**YOUR OBJECTIVE**
Could you restate word for word the lines running from the one with "For example (dummy" to the end of the data, both ends included, but without pictures?

GIVEN ENTRIES Start Marker

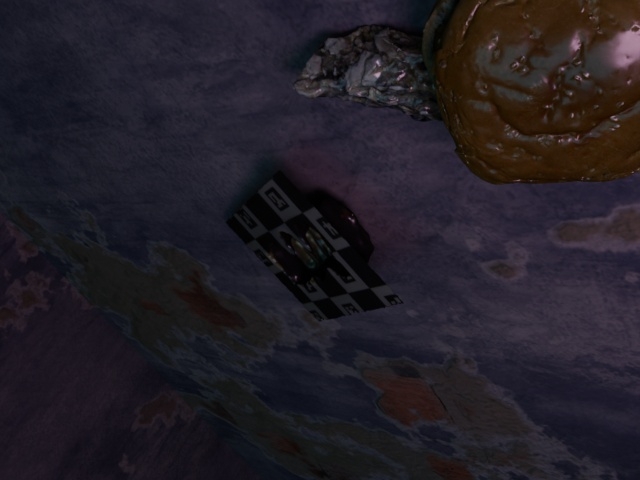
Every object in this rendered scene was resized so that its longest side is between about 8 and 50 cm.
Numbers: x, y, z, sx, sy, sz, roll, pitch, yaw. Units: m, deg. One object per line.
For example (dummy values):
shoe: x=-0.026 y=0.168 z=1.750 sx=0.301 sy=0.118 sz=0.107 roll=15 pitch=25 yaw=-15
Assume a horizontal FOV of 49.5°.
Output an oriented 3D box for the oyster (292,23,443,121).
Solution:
oyster: x=0.115 y=-0.220 z=0.919 sx=0.252 sy=0.087 sz=0.199 roll=25 pitch=150 yaw=-12

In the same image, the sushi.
sushi: x=0.000 y=0.000 z=1.293 sx=0.296 sy=0.100 sz=0.373 roll=47 pitch=156 yaw=-6

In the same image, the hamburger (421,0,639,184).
hamburger: x=0.254 y=-0.176 z=0.756 sx=0.285 sy=0.134 sz=0.265 roll=-6 pitch=137 yaw=24
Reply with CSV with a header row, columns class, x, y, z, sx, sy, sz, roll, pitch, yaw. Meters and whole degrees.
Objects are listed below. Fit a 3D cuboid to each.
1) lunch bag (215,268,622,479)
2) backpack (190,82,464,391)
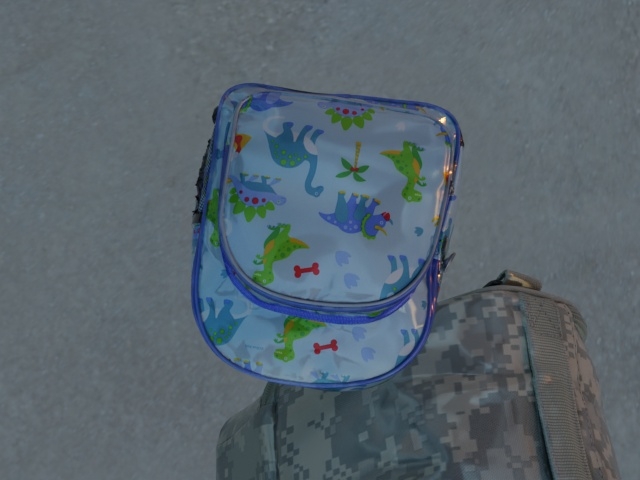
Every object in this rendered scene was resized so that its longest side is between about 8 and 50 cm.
class,x,y,z,sx,sy,sz,roll,pitch,yaw
lunch bag,0.077,0.201,0.569,0.213,0.305,0.256,13,144,-24
backpack,0.000,0.000,0.371,0.105,0.084,0.114,8,82,0
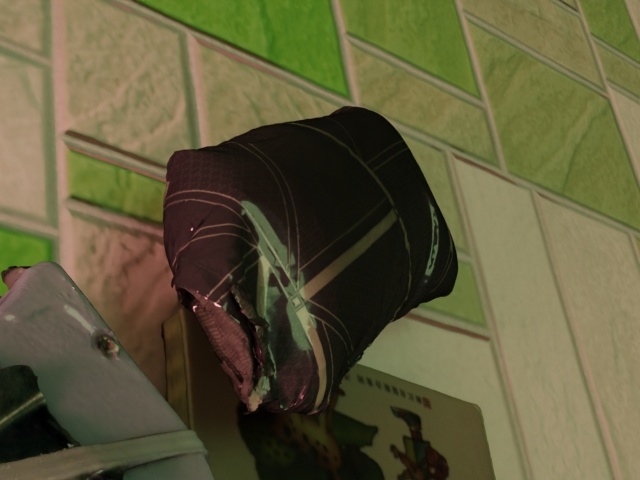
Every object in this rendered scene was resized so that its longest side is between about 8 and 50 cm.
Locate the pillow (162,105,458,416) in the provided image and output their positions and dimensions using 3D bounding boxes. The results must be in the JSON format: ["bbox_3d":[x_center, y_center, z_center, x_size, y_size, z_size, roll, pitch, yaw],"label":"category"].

GIVEN ENTRIES End Marker

**OUTPUT FOR THIS EXERCISE**
For example (dummy values):
shoe: x=-0.026 y=0.168 z=1.750 sx=0.301 sy=0.118 sz=0.107 roll=15 pitch=25 yaw=-15
Assume a horizontal FOV of 49.5°.
Output an oriented 3D box for the oyster (292,23,443,121).
Solution:
oyster: x=0.115 y=-0.220 z=0.919 sx=0.252 sy=0.087 sz=0.199 roll=25 pitch=150 yaw=-12

In the same image, the sushi.
sushi: x=0.000 y=0.000 z=1.293 sx=0.296 sy=0.100 sz=0.373 roll=47 pitch=156 yaw=-6

In the same image, the hamburger (421,0,639,184).
hamburger: x=0.254 y=-0.176 z=0.756 sx=0.285 sy=0.134 sz=0.265 roll=-6 pitch=137 yaw=24
Reply with CSV with a header row, columns class, x, y, z, sx, sy, sz, roll, pitch, yaw. Meters and whole degrees.
Objects are listed below. Fit a 3D cuboid to each.
1) lunch bag (215,268,622,479)
2) backpack (190,82,464,391)
Every object in this rendered scene was resized so that its longest side is between about 8 and 50 cm.
class,x,y,z,sx,sy,sz,roll,pitch,yaw
lunch bag,0.077,0.201,0.569,0.213,0.305,0.256,13,144,-24
backpack,0.000,0.000,0.371,0.105,0.084,0.114,8,82,0
Every object in this rendered scene was resized so that its longest side is between about 8 and 50 cm.
Locate the pillow (162,105,458,416) in the provided image and output their positions and dimensions using 3D bounding boxes. The results must be in the JSON format: ["bbox_3d":[x_center, y_center, z_center, x_size, y_size, z_size, roll, pitch, yaw],"label":"category"].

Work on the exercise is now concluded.